### DIRECTIONS
Each entry is to be given again word for word; images are dropped.

### INFORMATION PROVIDED
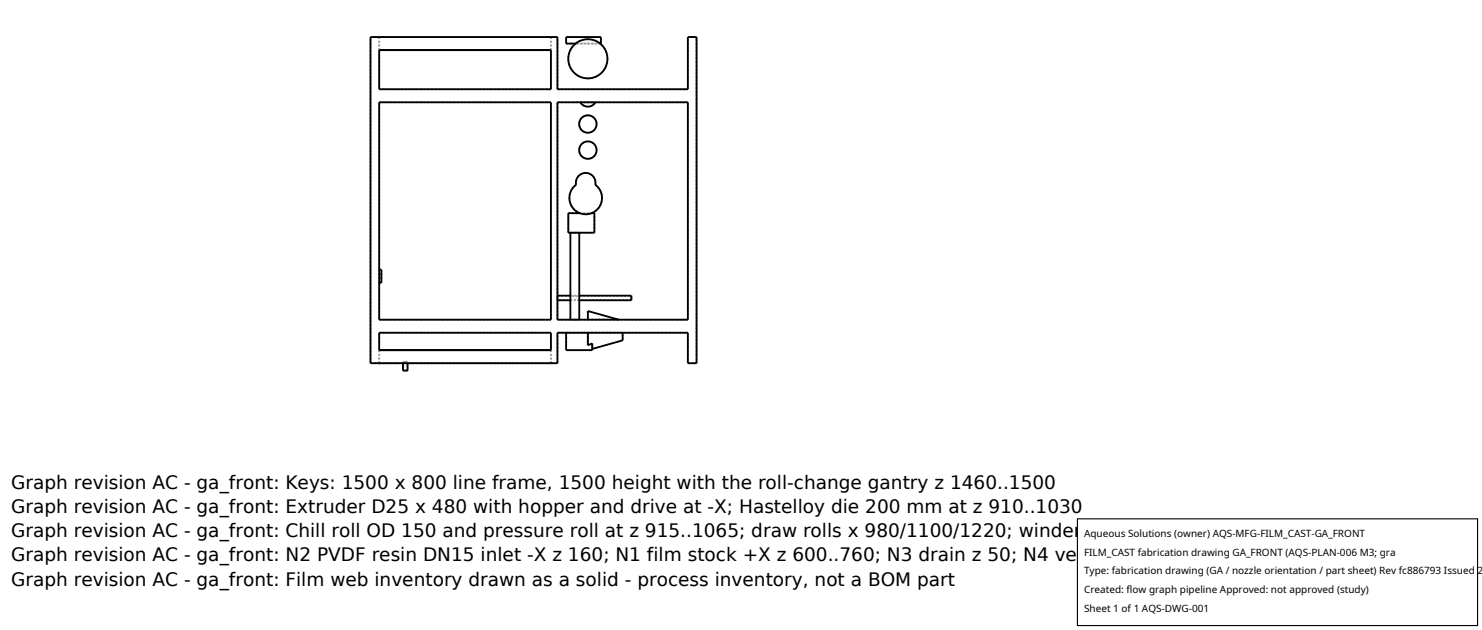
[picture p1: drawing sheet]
<svg xmlns="http://www.w3.org/2000/svg" width="212mm" height="90mm" viewBox="0 0 212 90" stroke-linecap="round" stroke-linejoin="round" font-family="sans-serif">
<defs><g id="words">
<g font-size="2.6">
<text x="1.6" y="69.8">Graph revision AC - ga_front: Keys: 1500 x 800 line frame, 1500 height with the roll-change gantry z 1460..1500</text>
<text x="1.6" y="73.3">Graph revision AC - ga_front: Extruder D25 x 480 with hopper and drive at -X; Hastelloy die 200 mm at z 910..1030</text>
<text x="1.6" y="76.7">Graph revision AC - ga_front: Chill roll OD 150 and pressure roll at z 915..1065; draw rolls x 980/1100/1220; winder +X</text>
<text x="1.6" y="80.2">Graph revision AC - ga_front: N2 PVDF resin DN15 inlet -X z 160; N1 film stock +X z 600..760; N3 drain z 50; N4 vent to z 1200</text>
<text x="1.6" y="83.6">Graph revision AC - ga_front: Film web inventory drawn as a solid - process inventory, not a BOM part</text>
</g>
<g font-size="1.4">
<text x="154.8" y="76.6">Aqueous Solutions (owner) AQS-MFG-FILM_CAST-GA_FRONT</text>
<text x="154.8" y="79.3">FILM_CAST fabrication drawing GA_FRONT (AQS-PLAN-006 M3; gra</text>
<text x="154.8" y="82">Type: fabrication drawing (GA / nozzle orientation / part sheet) Rev fc886793 Issued 2</text>
<text x="154.8" y="84.7">Created: flow graph pipeline Approved: not approved (study)</text>
<text x="154.8" y="87.4">Sheet 1 of 1 AQS-DWG-001</text>
</g>
</g></defs>
<g fill="none" stroke="#a0a0a0" stroke-width=".26" stroke-dasharray=".3 .3" stroke-linecap="butt">
<path d="M52.9 5.3h26.7M54.2 12.7h24.5M54.2 12.7v-5.5M54.2 7.2h24.5M54.2 14.6h24.5M54.2 5.3h24.5M54.2 7.2v-1.9M78.7 12.7v-5.5M78.7 7.2v-1.9M79.6 12.7h18.6M79.6 12.7v-7.4M79.6 14.6h18.6"/>
<path d="M80.9 6.2h4.9M80.9 5.3h4.9M80.9 6.2v-.9M82.2 6.2l.8-.4 1-.2M82.2 6.2l-.6 .6-.3 .8-.1 .9 .1 .8 .5 .8 .6 .6 .7 .4 .9 .1 .8-.1 .7-.4 .7-.6 .4-.8 .2-.8-.1-.8-.4-.9-.6-.6M82.9 14.6h2.1M82.9 14.6l.4 .4 .6 .2 .7-.2 .4-.4M84 5.6l.9 .2 .8 .4M84 16.5l-.5 .1-.4 .2-.3 .4-.1 .5 .1 .5 .3 .4 .3 .2 .5 .2 .5-.1 .4-.3 .3-.4 .1-.5-.1-.5-.3-.4-.4-.2-.4-.1M85.7 6.2h-3.5M85.8 6.2v-.9M98.2 5.3h1.3"/>
<path d="M98.2 12.7v-7.4M54.2 38.5v1.9M54.2 39.1v.7M54.2 39.8v-.7M54.2 39.1h.3M54.5 39.1v.7M54.5 39.8v-.7M54.5 39.8h-.3M81.2 33.2h3.7M81.2 33.2v-2.8M81.2 30.4h3.7M81.5 33.2h.6"/>
<path d="M82.1 33.2h.6M82.3 26.4l-.5 .4-.3 .6-.2 .5v.6l.2 .6 .3 .6 .5 .5 .5 .2M82.3 26.4v-.6l.3-.6 .4-.3 .6-.2 .6 .1 .5 .4 .3 .6v.6M82.7 33.2h-1.2M82.8 30.4h1.7M84 20.2l-.5 .1-.4 .3-.3 .4-.1 .5 .1 .4 .3 .4 .4 .3 .5 .1 .5-.1 .4-.3 .2-.4 .1-.5-.1-.4-.3-.5-.4-.2-.4-.1M84.5 30.4l-.8 .2-.9-.2M84.5 30.4l.5-.2 .5-.5 .3-.6 .2-.6v-.6l-.2-.5-.3-.6-.5-.4M84.9 33.2v-2.8M52.9 51.9v-46.6M52.9 51.9h26.7M54.2 50h24.5"/>
<path d="M54.2 50v-2.5M54.2 47.5h24.5M54.2 45.7v-31.1M54.2 45.7h24.5M54.2 51.9h24.5M54.2 51.9v-1.9M54.2 40.4v-1.9M54.5 40.4v-1.9M57.6 51.7h.3M57.6 51.7v.2M57.6 52.9h.3M57.6 51.7v1.2"/>
<path d="M57.9 51.7h.3M57.9 52.9h.3M58.2 52.9h-.6M58.2 51.7h-.6M58.2 51.7v1.2M58.2 51.7v.2M78.7 50v-2.5M78.7 45.7v-31.1M78.7 51.9v-1.9M79.6 51.9v-4.4M79.6 47.5h18.6M79.6 45.7h18.6"/>
<path d="M79.6 45.7v-31.1M79.6 42.2v.7M79.6 42.9v-.7M79.6 42.3h10.6M79.6 42.3v.5M79.6 42.8v-.5M80.9 47.5h3.1M80.9 50h3.7M80.9 50v-2.5M81.5 45.7h1.2M81.5 42.2h1.2M82.1 45.7h-.6"/>
<path d="M82.7 45.7h-.6M82.7 42.9h-1.2M84 47.5h4.9M84 45.7h4.4M84 47.5v1.8M84 49.3v-1.8M84 44.4v1.3M84.6 49l-.6 .3M84.6 49v.8M84.6 49.8v-.8M84.6 50v-1M88.4 45.7h-4.4"/>
<path d="M88.9 47.5h-4.9M88.9 48.6v-1.1M90.2 42.9v-.7M90.2 42.3v.5M90.2 42.8v-.5M90.2 42.8h-10.6M98.2 51.9h1.3M98.2 51.9v-4.4M98.2 45.7v-31.1M99.5 51.9v-46.6"/>
</g>
<g fill="none" stroke="#000" stroke-width=".26">
<path d="M52.9 5.3h26.7v7.4h18.6v-7.4h1.3v46.6h-1.3v-4.4h-18.6v4.4h-26.7zM54.2 7.2h24.5v5.5h-24.5zM54.2 14.6h24.5v31.1h-24.5zM79.6 14.6h18.6v31.1h-18.6zM82.2 6.2h-1.3v-.9h4.9v.9h-.1M82.9 14.6l.4 .4 .6 .2 .7-.2 .4-.4M54.2 38.5h.3v1.9h-.3M81.5 33.2v12.5M82.7 25.1l.4-.3 .5-.1 .5 .1 .4 .2 .5 .6v.8l.5 .5 .4 .7 .1 .9-.3 .8-.6 .8-.7 .4-1 .1-.8-.3-.7-.6-.5-.7-.1-.7 .1-.7 .4-.7 .5-.5v-.7zM82.7 33.2v12.5M82.8 30.4h-1.6v2.8h3.7v-2.8h-.4M54.2 47.5h24.5v2.5h-24.5z"/>
<path d="M57.6 51.9v1h.6v-1M79.6 42.2h1.9M79.6 42.9h1.9M80.9 47.5v2.5h3.7v-1l-.6 .3v-1.8M82.7 42.2h7.5v.7h-7.5M84 45.7v-1.3l4.4 1.3M88.9 47.5v1.1l-4.3 1.2"/>
<circle cx="84" cy="8.4" r="2.79"/>
<circle cx="84" cy="17.7" r="1.24"/>
<circle cx="84" cy="21.4" r="1.24"/>
</g>
<path d="M153.9 74.1h57.1v15.2h-57.1z" fill="#fff" stroke="#000" stroke-width=".16"/>
<use href="#words"/>
</svg>

### ANSWER FOR THIS EXERCISE
[picture p1: drawing sheet]
<svg xmlns="http://www.w3.org/2000/svg" width="212mm" height="90mm" viewBox="0 0 212 90" stroke-linecap="round" stroke-linejoin="round" font-family="sans-serif">
<defs><g id="words">
<g font-size="2.6">
<text x="1.6" y="69.8">Graph revision AC - ga_front: Keys: 1500 x 800 line frame, 1500 height with the roll-change gantry z 1460..1500</text>
<text x="1.6" y="73.3">Graph revision AC - ga_front: Extruder D25 x 480 with hopper and drive at -X; Hastelloy die 200 mm at z 910..1030</text>
<text x="1.6" y="76.7">Graph revision AC - ga_front: Chill roll OD 150 and pressure roll at z 915..1065; draw rolls x 980/1100/1220; winder +X</text>
<text x="1.6" y="80.2">Graph revision AC - ga_front: N2 PVDF resin DN15 inlet -X z 160; N1 film stock +X z 600..760; N3 drain z 50; N4 vent to z 1200</text>
<text x="1.6" y="83.6">Graph revision AC - ga_front: Film web inventory drawn as a solid - process inventory, not a BOM part</text>
</g>
<g font-size="1.4">
<text x="154.8" y="76.6">Aqueous Solutions (owner) AQS-MFG-FILM_CAST-GA_FRONT</text>
<text x="154.8" y="79.3">FILM_CAST fabrication drawing GA_FRONT (AQS-PLAN-006 M3; gra</text>
<text x="154.8" y="82">Type: fabrication drawing (GA / nozzle orientation / part sheet) Rev fc886793 Issued 2</text>
<text x="154.8" y="84.7">Created: flow graph pipeline Approved: not approved (study)</text>
<text x="154.8" y="87.4">Sheet 1 of 1 AQS-DWG-001</text>
</g>
</g></defs>
<g fill="none" stroke="#a0a0a0" stroke-width=".26" stroke-dasharray=".3 .3" stroke-linecap="butt">
<path d="M52.9 5.3h26.7M54.2 12.7h24.5M54.2 12.7v-5.5M54.2 7.2h24.5M54.2 14.6h24.5M54.2 5.3h24.5M54.2 7.2v-1.9M78.7 12.7v-5.5M78.7 7.2v-1.9M79.6 12.7h18.6M79.6 12.7v-7.4M79.6 14.6h18.6"/>
<path d="M80.9 6.2h4.9M80.9 5.3h4.9M80.9 6.2v-.9M82.2 6.2l.8-.4 1-.2M82.2 6.2l-.6 .6-.3 .8-.1 .9 .1 .8 .5 .8 .6 .6 .7 .4 .9 .1 .8-.1 .7-.4 .7-.6 .4-.8 .2-.8-.1-.8-.4-.9-.6-.6M82.9 14.6h2.1M82.9 14.6l.4 .4 .6 .2 .7-.2 .4-.4M84 5.6l.9 .2 .8 .4M84 16.5l-.5 .1-.4 .2-.3 .4-.1 .5 .1 .5 .3 .4 .3 .2 .5 .2 .5-.1 .4-.3 .3-.4 .1-.5-.1-.5-.3-.4-.4-.2-.4-.1M85.7 6.2h-3.5M85.8 6.2v-.9M98.2 5.3h1.3"/>
<path d="M98.2 12.7v-7.4M54.2 38.5v1.9M54.2 39.1v.7M54.2 39.8v-.7M54.2 39.1h.3M54.5 39.1v.7M54.5 39.8v-.7M54.5 39.8h-.3M81.2 33.2h3.7M81.2 33.2v-2.8M81.2 30.4h3.7M81.5 33.2h.6"/>
<path d="M82.1 33.2h.6M82.3 26.4l-.5 .4-.3 .6-.2 .5v.6l.2 .6 .3 .6 .5 .5 .5 .2M82.3 26.4v-.6l.3-.6 .4-.3 .6-.2 .6 .1 .5 .4 .3 .6v.6M82.7 33.2h-1.2M82.8 30.4h1.7M84 20.2l-.5 .1-.4 .3-.3 .4-.1 .5 .1 .4 .3 .4 .4 .3 .5 .1 .5-.1 .4-.3 .2-.4 .1-.5-.1-.4-.3-.5-.4-.2-.4-.1M84.5 30.4l-.8 .2-.9-.2M84.5 30.4l.5-.2 .5-.5 .3-.6 .2-.6v-.6l-.2-.5-.3-.6-.5-.4M84.9 33.2v-2.8M52.9 51.9v-46.6M52.9 51.9h26.7M54.2 50h24.5"/>
<path d="M54.2 50v-2.5M54.2 47.5h24.5M54.2 45.7v-31.1M54.2 45.7h24.5M54.2 51.9h24.5M54.2 51.9v-1.9M54.2 40.4v-1.9M54.5 40.4v-1.9M57.6 51.7h.3M57.6 51.7v.2M57.6 52.9h.3M57.6 51.7v1.2"/>
<path d="M57.9 51.7h.3M57.9 52.9h.3M58.2 52.9h-.6M58.2 51.7h-.6M58.2 51.7v1.2M58.2 51.7v.2M78.7 50v-2.5M78.7 45.7v-31.1M78.7 51.9v-1.9M79.6 51.9v-4.4M79.6 47.5h18.6M79.6 45.7h18.6"/>
<path d="M79.6 45.7v-31.1M79.6 42.2v.7M79.6 42.9v-.7M79.6 42.3h10.6M79.6 42.3v.5M79.6 42.8v-.5M80.9 47.5h3.1M80.9 50h3.7M80.9 50v-2.5M81.5 45.7h1.2M81.5 42.2h1.2M82.1 45.7h-.6"/>
<path d="M82.7 45.7h-.6M82.7 42.9h-1.2M84 47.5h4.9M84 45.7h4.4M84 47.5v1.8M84 49.3v-1.8M84 44.4v1.3M84.6 49l-.6 .3M84.6 49v.8M84.6 49.8v-.8M84.6 50v-1M88.4 45.7h-4.4"/>
<path d="M88.9 47.5h-4.9M88.9 48.6v-1.1M90.2 42.9v-.7M90.2 42.3v.5M90.2 42.8v-.5M90.2 42.8h-10.6M98.2 51.9h1.3M98.2 51.9v-4.4M98.2 45.7v-31.1M99.5 51.9v-46.6"/>
</g>
<g fill="none" stroke="#000" stroke-width=".26">
<path d="M52.9 5.3h26.7v7.4h18.6v-7.4h1.3v46.6h-1.3v-4.4h-18.6v4.4h-26.7zM54.2 7.2h24.5v5.5h-24.5zM54.2 14.6h24.5v31.1h-24.5zM79.6 14.6h18.6v31.1h-18.6zM82.2 6.2h-1.3v-.9h4.9v.9h-.1M82.9 14.6l.4 .4 .6 .2 .7-.2 .4-.4M54.2 38.5h.3v1.9h-.3M81.5 33.2v12.5M82.7 25.1l.4-.3 .5-.1 .5 .1 .4 .2 .5 .6v.8l.5 .5 .4 .7 .1 .9-.3 .8-.6 .8-.7 .4-1 .1-.8-.3-.7-.6-.5-.7-.1-.7 .1-.7 .4-.7 .5-.5v-.7zM82.7 33.2v12.5M82.8 30.4h-1.6v2.8h3.7v-2.8h-.4M54.2 47.5h24.5v2.5h-24.5z"/>
<path d="M57.6 51.9v1h.6v-1M79.6 42.2h1.9M79.6 42.9h1.9M80.9 47.5v2.5h3.7v-1l-.6 .3v-1.8M82.7 42.2h7.5v.7h-7.5M84 45.7v-1.3l4.4 1.3M88.9 47.5v1.1l-4.3 1.2"/>
<circle cx="84" cy="8.4" r="2.79"/>
<circle cx="84" cy="17.7" r="1.24"/>
<circle cx="84" cy="21.4" r="1.24"/>
</g>
<path d="M153.9 74.1h57.1v15.2h-57.1z" fill="#fff" stroke="#000" stroke-width=".16"/>
<use href="#words"/>
</svg>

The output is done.